Cold, drizzly, windy,l and spitting snow. Good bread baking weather!
Need something to go with the round roast I made the other day. So let’s make baguettes!

Used this  King Arthur recipe. They have good videos hyperlinked on shaping and slashing. I obviously didn’t pay enough attention to those videos. My baguettes are shall we say Rustic!









						Classic Baguettes
					

These crunchy baguettes feature a chewy interior riddled with holes, and a crisp, deep-golden crust. Create the perfect baguette with King Arthur Baking!




					www.kingarthurbaking.com
				



.

House  smells fantastic. It’s amazing how baking bread will brighten a gloomy day by the smells that fill the house.


----------



## TNJAKE (Oct 24, 2020)

Man those look great


----------



## Steve H (Oct 24, 2020)

They look great to me!


----------



## Steve H (Oct 24, 2020)

On that note. I have the starter dough going now. Can't wait to give this a try.


----------



## b-one (Oct 24, 2020)

Time for soup next!


----------



## daveomak (Oct 24, 2020)

They look delicious Dirt.....   I'd eat 'em....


----------



## ChuxPick (Oct 24, 2020)

*

 dirtsailor2003
, those baguettes look tasty with just the right amount of crust. 
 I'm with  

 b-one
 on this one to me they look like they would go great with a nice hot bowl of soup.   *


----------



## Brokenhandle (Oct 24, 2020)

sure looks good!
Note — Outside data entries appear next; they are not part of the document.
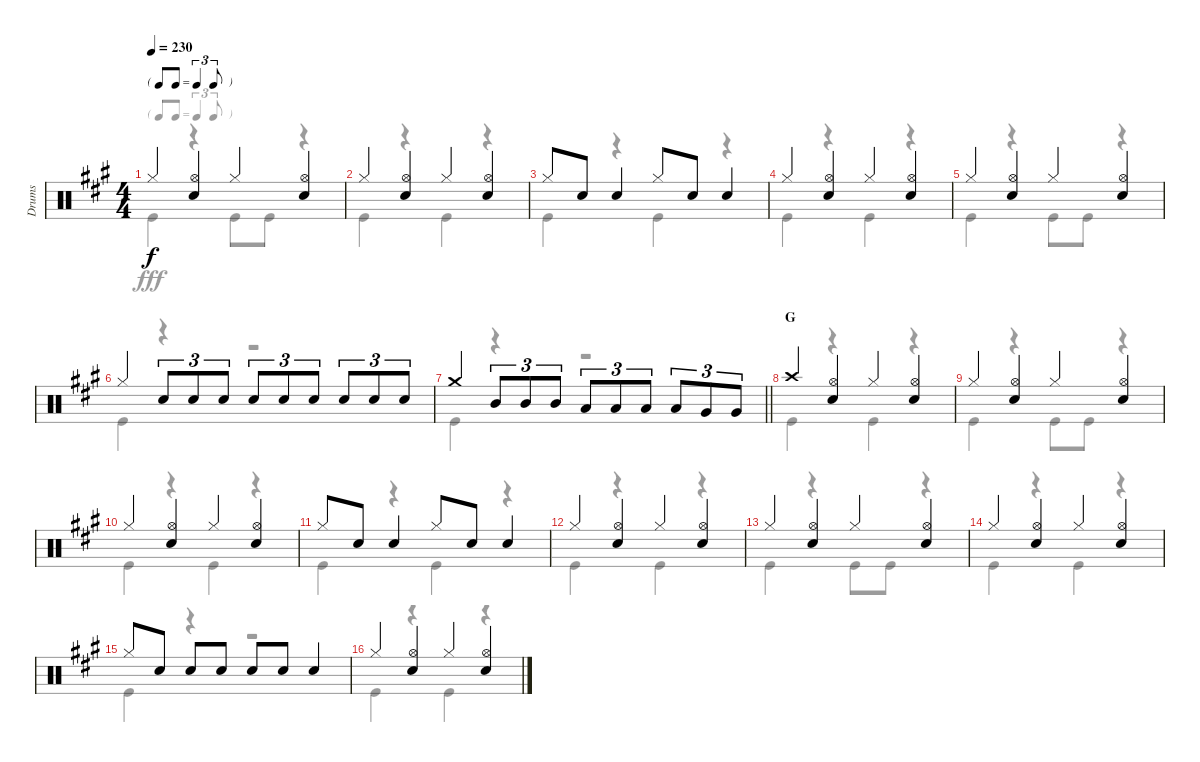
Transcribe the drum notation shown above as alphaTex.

\track ("Drums" "Drums") {instrument percussion}
\staff {score}
\articulation defaults
\voice
\ts (4 4)
\tf triplet8th
\tempo 230
\clef neutral
\ks a "Hi-Hat (closed)".4{dy f}
("Hi-Hat (open)" "Snare (hit) 2").4 "Hi-Hat (closed)".4 ("Hi-Hat (open)" "Snare (hit) 2").4 |
"Hi-Hat (closed)".4 ("Hi-Hat (open)" "Snare (hit) 2").4 "Hi-Hat (closed)".4 ("Hi-Hat (open)" "Snare (hit) 2").4 |
"Hi-Hat (closed)".8 "Snare (hit) 2".8 "Snare (hit) 2".4 "Hi-Hat (closed)".8 "Snare (hit) 2".8 "Snare (hit) 2".4 |
"Hi-Hat (closed)".4 ("Hi-Hat (open)" "Snare (hit) 2").4 "Hi-Hat (closed)".4 ("Hi-Hat (open)" "Snare (hit) 2").4 |
"Hi-Hat (closed)".4 ("Hi-Hat (open)" "Snare (hit) 2").4 "Hi-Hat (closed)".4 ("Hi-Hat (open)" "Snare (hit) 2").4 |
"Hi-Hat (closed)".4 "Snare (hit) 2".8{tu (3 2)} "Snare (hit) 2".8{tu (3 2)} "Snare (hit) 2".8{tu (3 2)} "Snare (hit) 2".8{tu (3 2)} "Snare (hit) 2".8{tu (3 2)} "Snare (hit) 2".8{tu (3 2)} "Snare (hit) 2".8{tu (3 2)} "Snare (hit) 2".8{tu (3 2)} "Snare (hit) 2".8{tu (3 2)} |
\barLineRight lightlight "Crash medium (hit)".4 "Mid Tom (hit)".8{tu (3 2)} "Mid Tom (hit)".8{tu (3 2)} "Mid Tom (hit)".8{tu (3 2)} "Low Tom (hit)".8{tu (3 2)} "Low Tom (hit)".8{tu (3 2)} "Low Tom (hit)".8{tu (3 2)} "Low Tom (hit)".8{tu (3 2)} "Very Low Tom (hit)".8{tu (3 2)} "Very Low Tom (hit)".8{tu (3 2)}
|
\section ("" "G")
"Crash high (hit)".4 ("Hi-Hat (open)" "Snare (hit) 2").4 "Hi-Hat (closed)".4 ("Hi-Hat (open)" "Snare (hit) 2").4 |
"Hi-Hat (closed)".4 ("Hi-Hat (open)" "Snare (hit) 2").4 "Hi-Hat (closed)".4 ("Hi-Hat (open)" "Snare (hit) 2").4 |
"Hi-Hat (closed)".4 ("Hi-Hat (open)" "Snare (hit) 2").4 "Hi-Hat (closed)".4 ("Hi-Hat (open)" "Snare (hit) 2").4 |
"Hi-Hat (closed)".8 "Snare (hit) 2".8 "Snare (hit) 2".4 "Hi-Hat (closed)".8 "Snare (hit) 2".8 "Snare (hit) 2".4 |
"Hi-Hat (closed)".4 ("Hi-Hat (open)" "Snare (hit) 2").4 "Hi-Hat (closed)".4 ("Hi-Hat (open)" "Snare (hit) 2").4 |
"Hi-Hat (closed)".4 ("Hi-Hat (open)" "Snare (hit) 2").4 "Hi-Hat (closed)".4 ("Hi-Hat (open)" "Snare (hit) 2").4 |
"Hi-Hat (closed)".4 ("Hi-Hat (open)" "Snare (hit) 2").4 "Hi-Hat (closed)".4 ("Hi-Hat (open)" "Snare (hit) 2").4 |
"Hi-Hat (closed)".8 "Snare (hit) 2".8 "Snare (hit) 2".8 "Snare (hit) 2".8 "Snare (hit) 2".8 "Snare (hit) 2".8 "Snare (hit) 2".4 |
"Hi-Hat (closed)".4 ("Hi-Hat (open)" "Snare (hit) 2").4 "Hi-Hat (closed)".4 ("Hi-Hat (open)" "Snare (hit) 2").4
\voice
\clef neutral
\ottava regular
\simile none
\ks a "Kick (hit)".4{dy fff}
r.4 "Kick (hit)".8 "Kick (hit)".8 r.4 |
"Kick (hit)".4 r.4 "Kick (hit)".4 r.4 |
"Kick (hit)".4 r.4 "Kick (hit)".4 r.4 |
"Kick (hit)".4 r.4 "Kick (hit)".4 r.4 |
"Kick (hit)".4 r.4 "Kick (hit)".8 "Kick (hit)".8 r.4 |
"Kick (hit)".4 r.4 r.2 |
\barLineRight lightlight "Kick (hit)".4
r.4 r.2 |
"Kick (hit)".4 r.4 "Kick (hit)".4 r.4 |
"Kick (hit)".4 r.4 "Kick (hit)".8 "Kick (hit)".8 r.4 |
"Kick (hit)".4 r.4 "Kick (hit)".4 r.4 |
"Kick (hit)".4 r.4 "Kick (hit)".4 r.4 |
"Kick (hit)".4 r.4 "Kick (hit)".4 r.4 |
"Kick (hit)".4 r.4 "Kick (hit)".8 "Kick (hit)".8 r.4 |
"Kick (hit)".4 r.4 "Kick (hit)".4 r.4 |
"Kick (hit)".4 r.4 r.2 |
"Kick (hit)".4 r.4 "Kick (hit)".4 r.4

Had good intentions of baking bread today also but apparently forgot to open a can of motivation this afternoon. 

Ryan


----------



## BuckeyeSteve (Oct 24, 2020)

Nice looking baguettes .  Those look delicious. Great job!


----------



## dirtsailor2003 (Nov 18, 2020)

Been making a batch of these a week. last batch I split the dough into 2 loafs instead of 3. Bigger slices to hold more butter and soup!


----------